Depression and Anxiety

Today I am going to be completely and brutally honest with you all. A good number of us who suffers from OCD will either go through a time of depression or have multiple bouts that can range from mild to severe. And the reason why we are more likely to suffer from depression along with our OCD is simple - our OCD can take over so much of our lives that at points in our battle we will feel as if it is easier to just give up. It seems odd though, seeing as anxiety and depression are completely opposite components of mental illnesses. Yet, the reality is that some of us will have to factor in our depression for our treatment if we want to conquer OCD.

What is Depression?

Many people have a hard time understanding and believing that depression is a real, serious Mental Health Illness. A lot of people equate depression with sadness but that is not the case. Depression is so much more than just sadness and the saying, "I am so Depressed" is so overused that it has created an invalidation of what Depression is for those who are actually suffering. It may also come down to the fact that it is hard for people to explain what it was like while dealing with Depression or even for people to recognize that what they are struggling with is Depression in the first place. 

I know, for me I never realized that I could have already been experiencing depressive symptoms way before that word depression was even mentioned to me.
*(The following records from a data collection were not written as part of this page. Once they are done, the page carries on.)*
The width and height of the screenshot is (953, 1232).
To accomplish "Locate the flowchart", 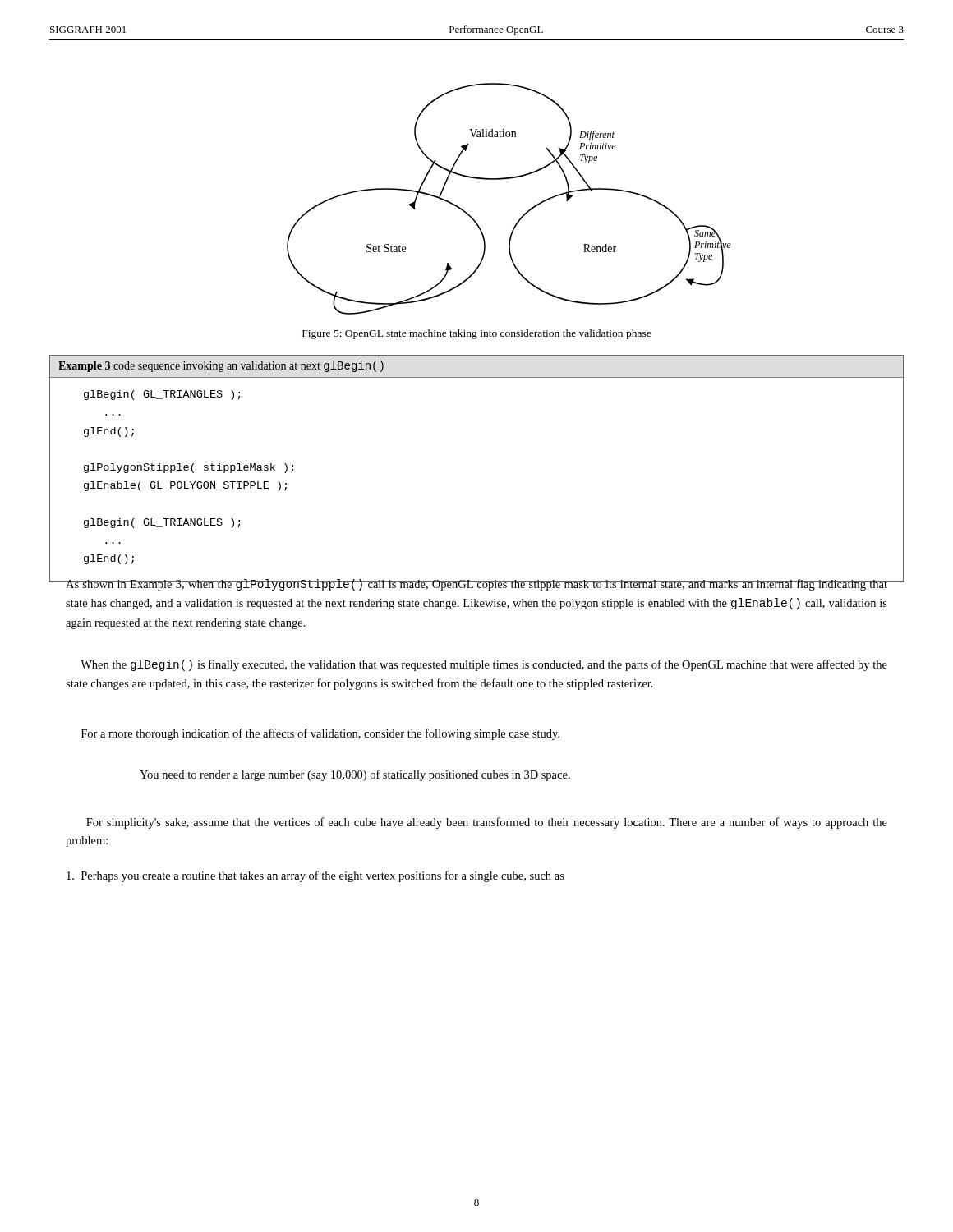I will (476, 195).
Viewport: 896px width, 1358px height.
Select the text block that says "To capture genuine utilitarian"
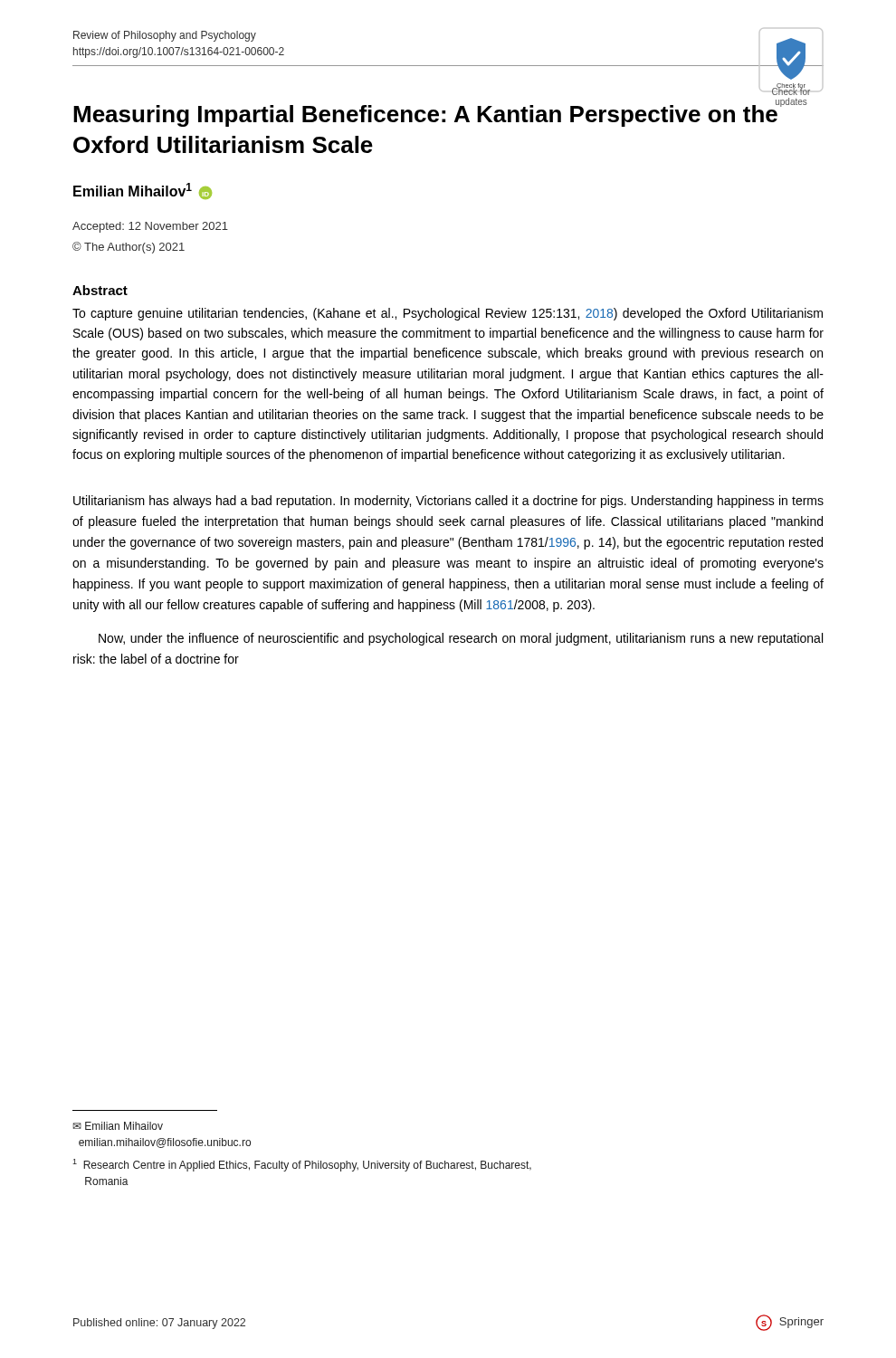click(448, 384)
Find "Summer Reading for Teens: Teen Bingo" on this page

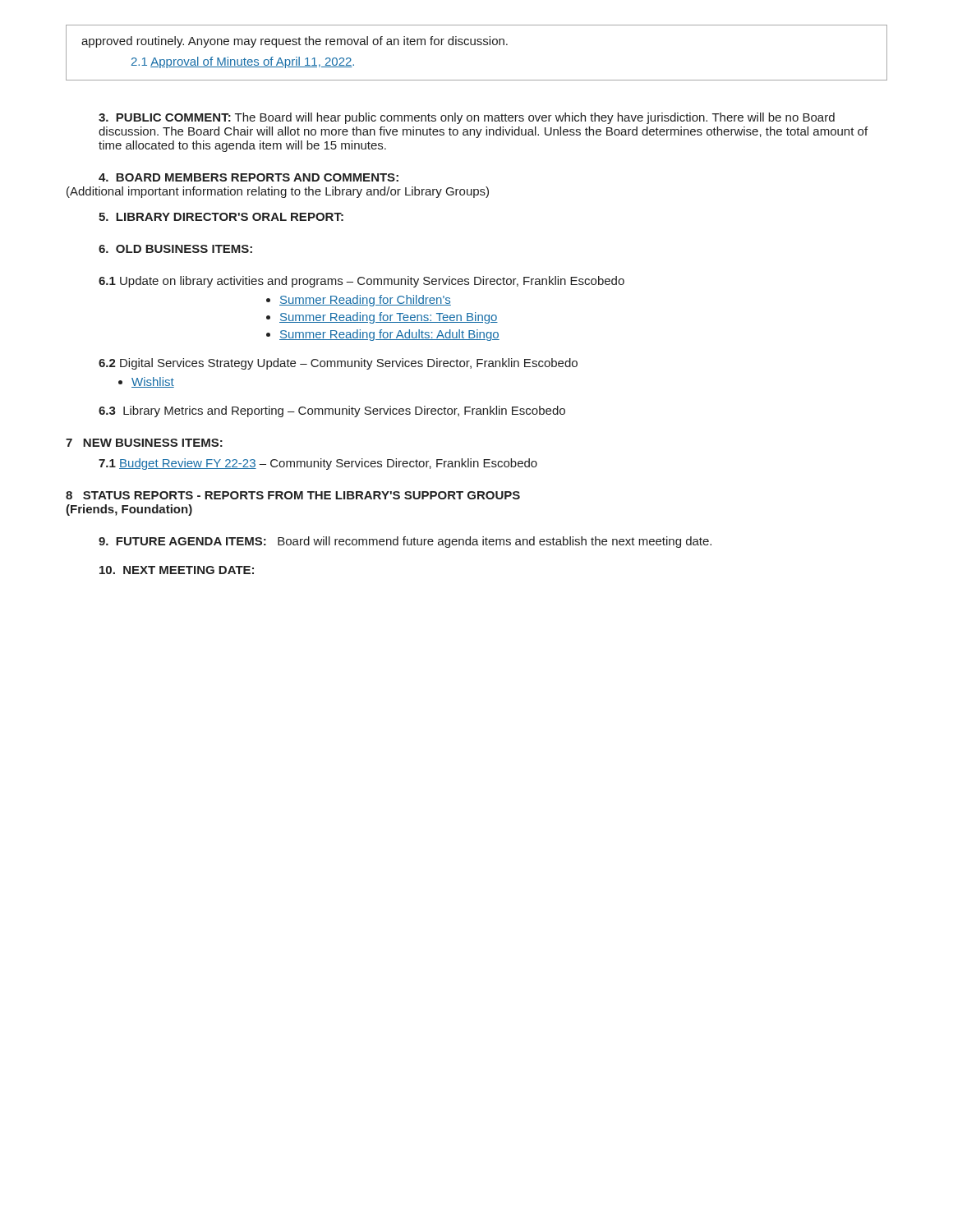pos(388,317)
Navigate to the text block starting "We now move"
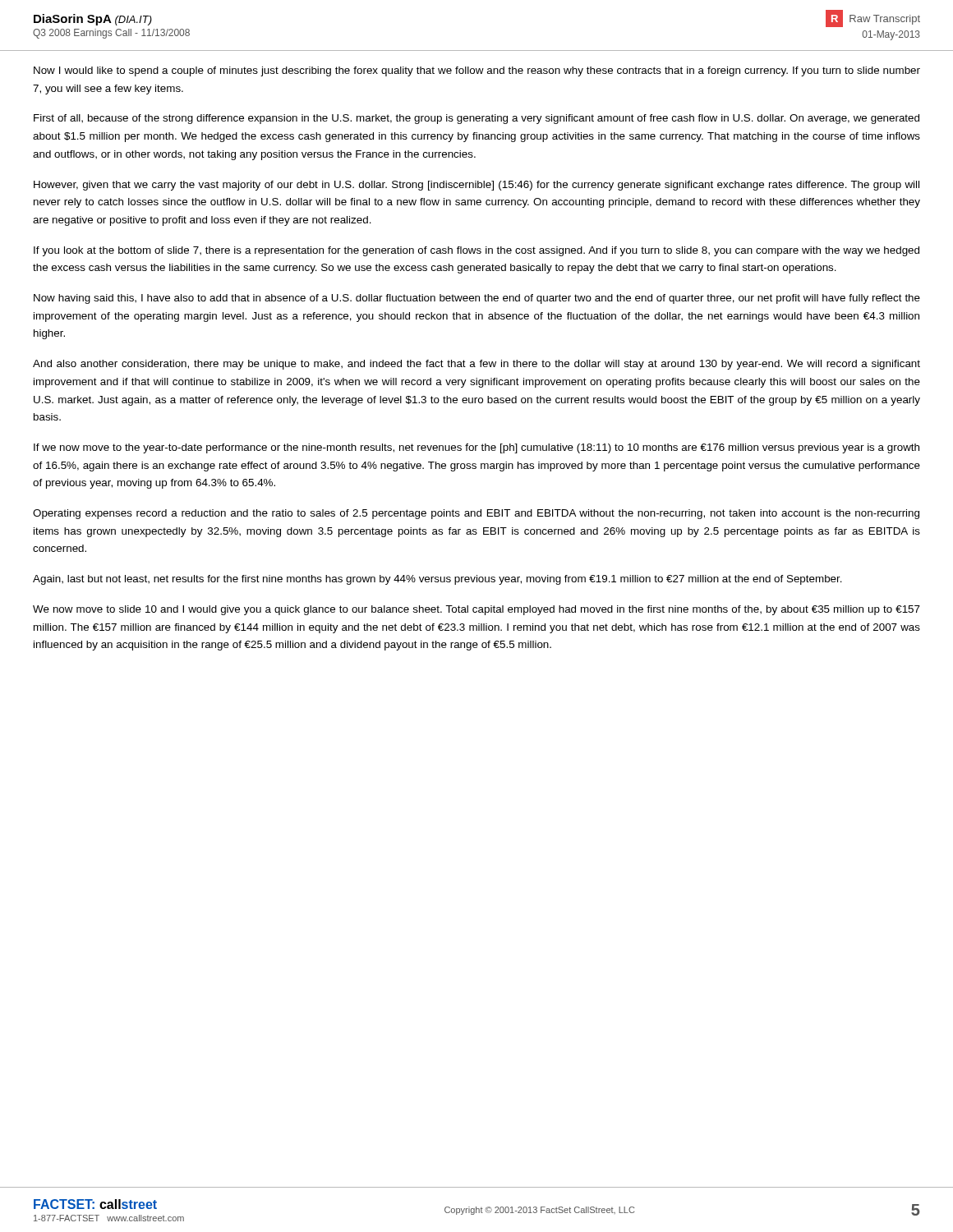 coord(476,627)
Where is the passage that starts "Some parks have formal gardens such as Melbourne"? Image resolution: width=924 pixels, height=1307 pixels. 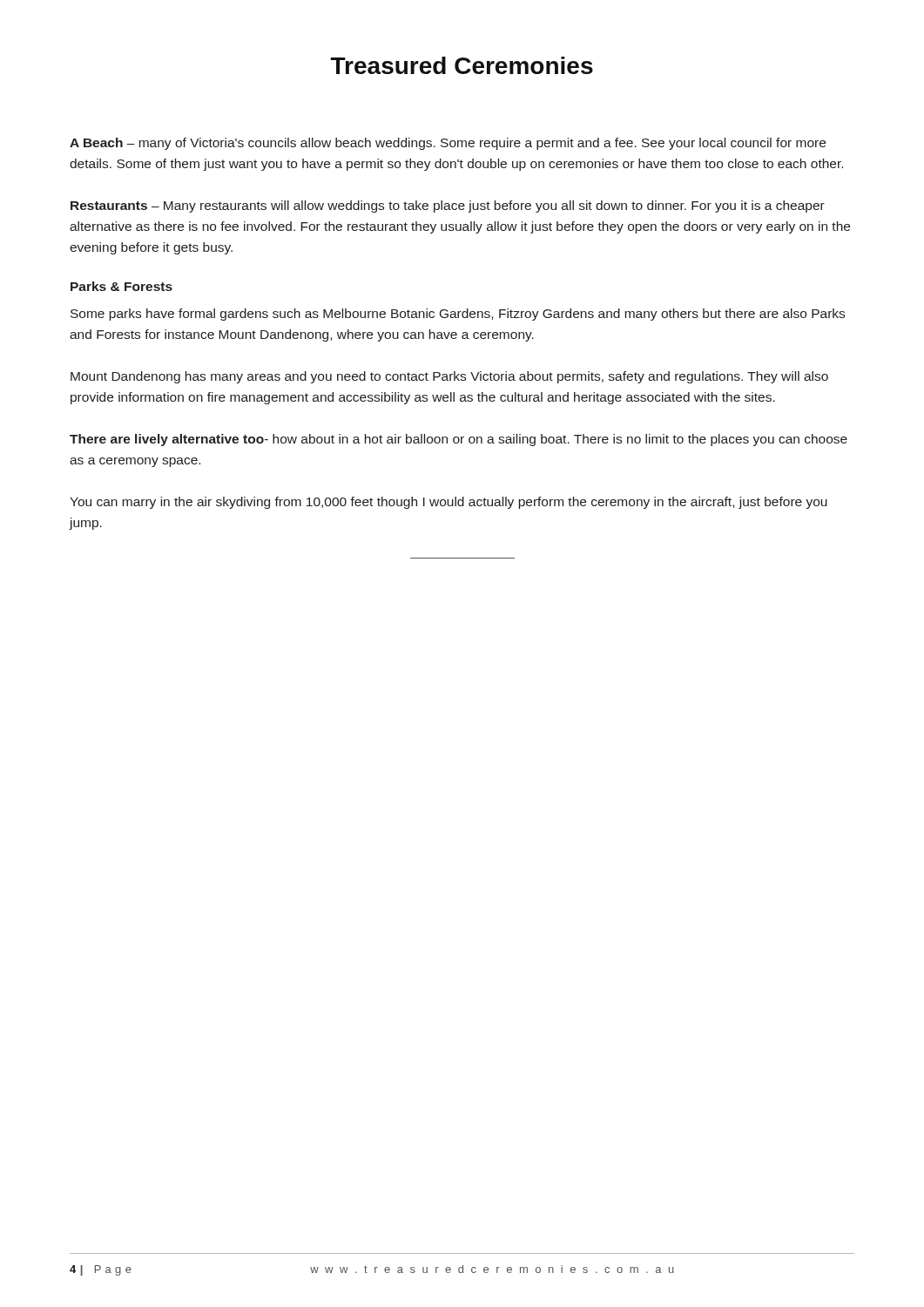[458, 324]
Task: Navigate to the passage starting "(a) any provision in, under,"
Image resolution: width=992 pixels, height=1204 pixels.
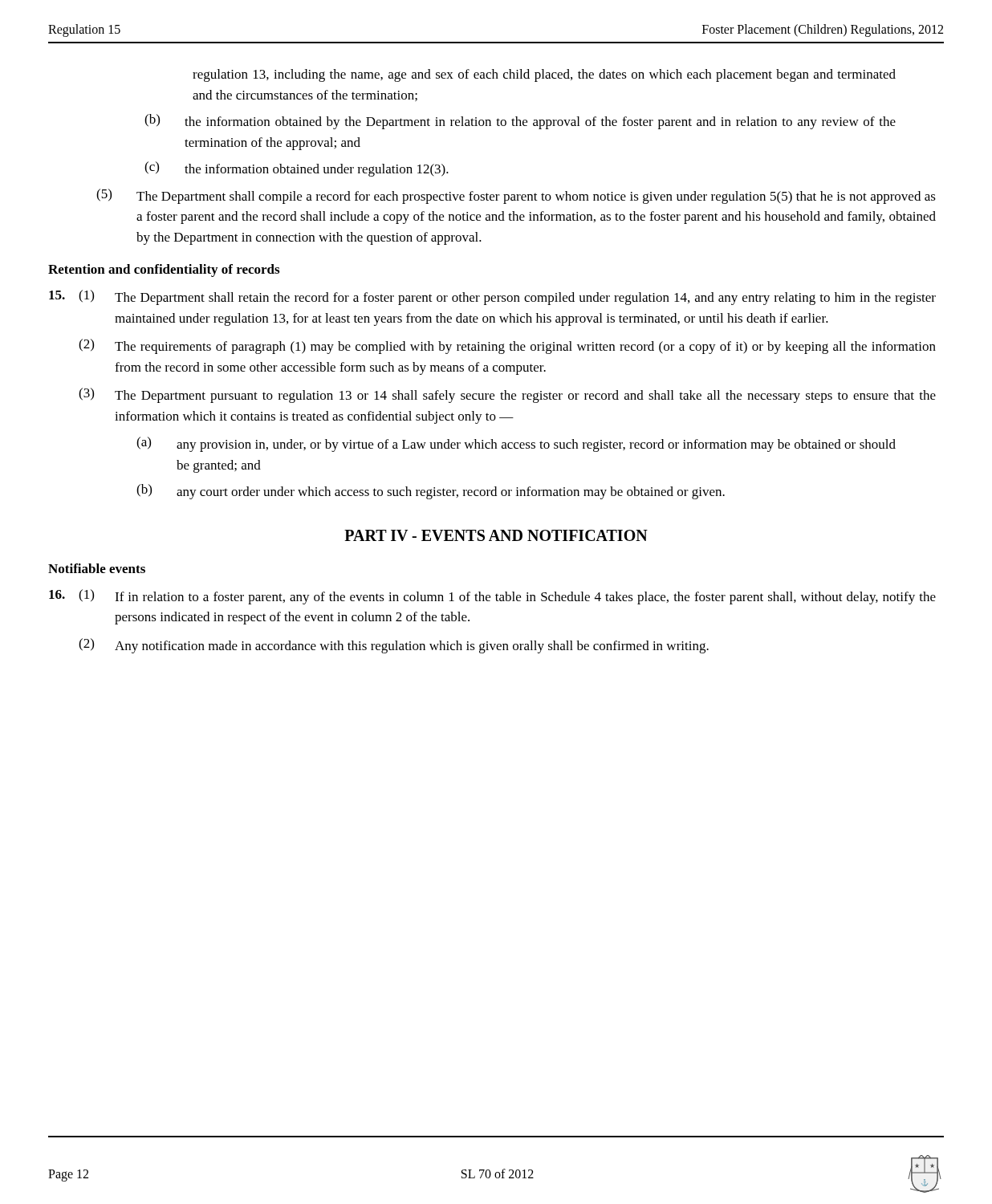Action: coord(516,455)
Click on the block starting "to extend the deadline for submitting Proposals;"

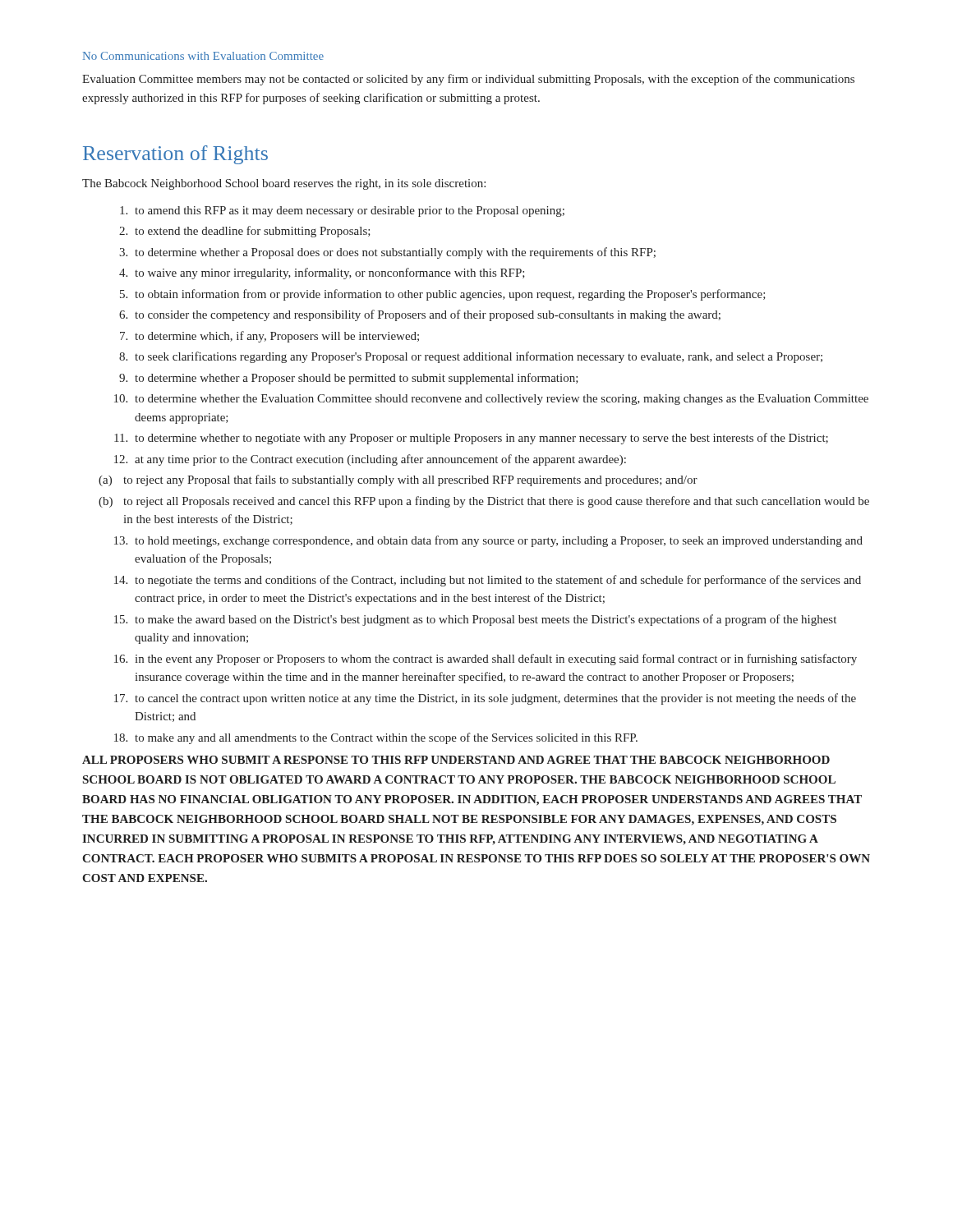(253, 232)
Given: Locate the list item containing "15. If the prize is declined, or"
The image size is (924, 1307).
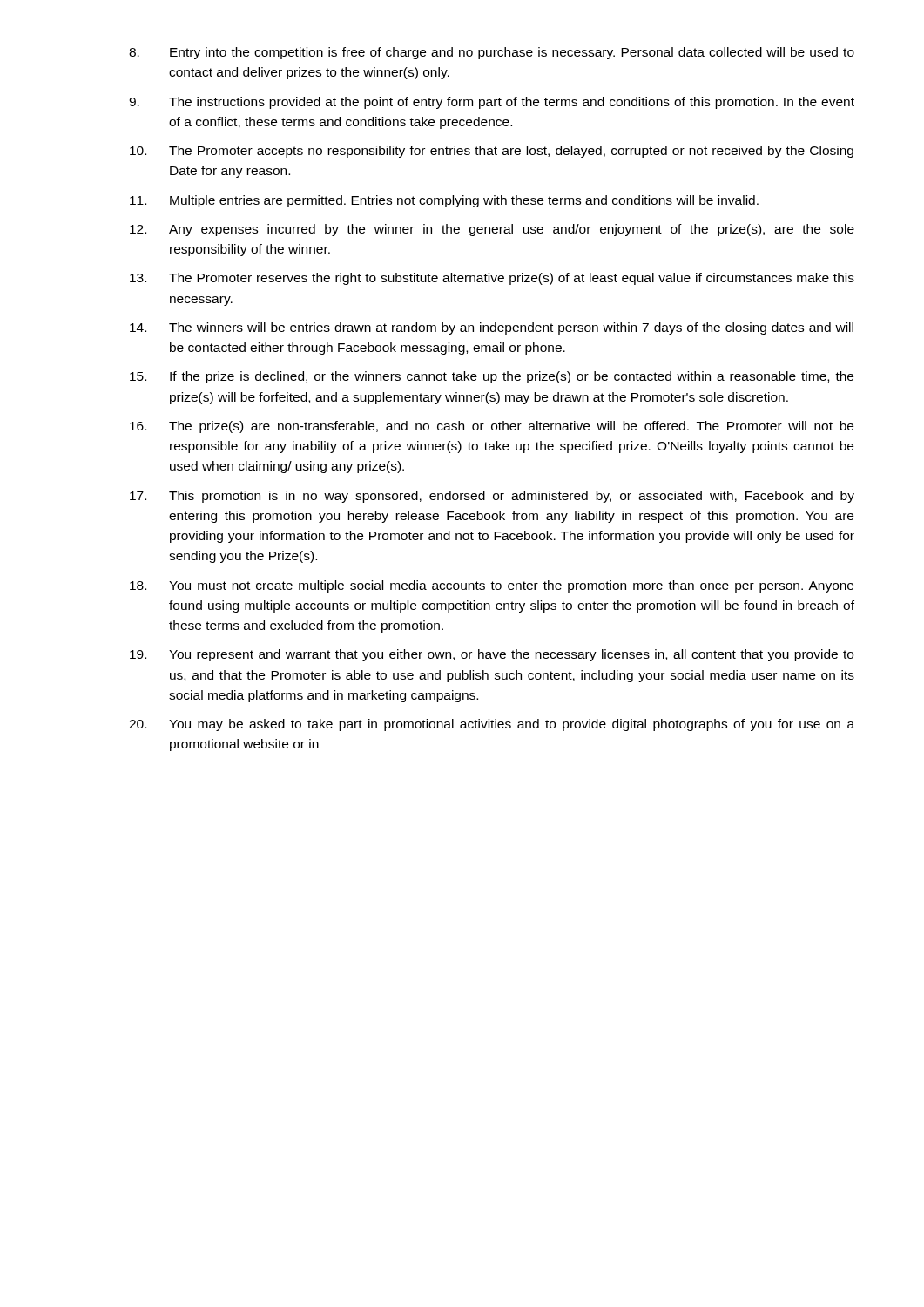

Yes, I knew I was struggling but I thought it was all because of my OCD. That my OCD was making me so empty and exhausted. The truth is that while it did play a factor in those initial feelings, it was my depression that made it stick and grow into an even bigger issue for me down the road. You see, the emptiness had grown in strength to the point I wanted nothing to do with anything. I also had strong bouts of an over-all sadness and lack of motivation. My mind stopped caring about my self-care and the things that made me happy. All I could do was go through the motions of my rituals my OCD put in place. My depression only got worse the more time went by and it reached the furthest point that depression can lead you to. The severe and debilitating feeling of life not being worth it anymore. And this feeling can bring on not only self-harming behaviour but suicidal ideation or suicidal attempts. All in all, not a place anyone should be in.



Edit: I am publishing this draft my daughter started in 2018. She has a brain injury now and won't be able to finish this post at this time.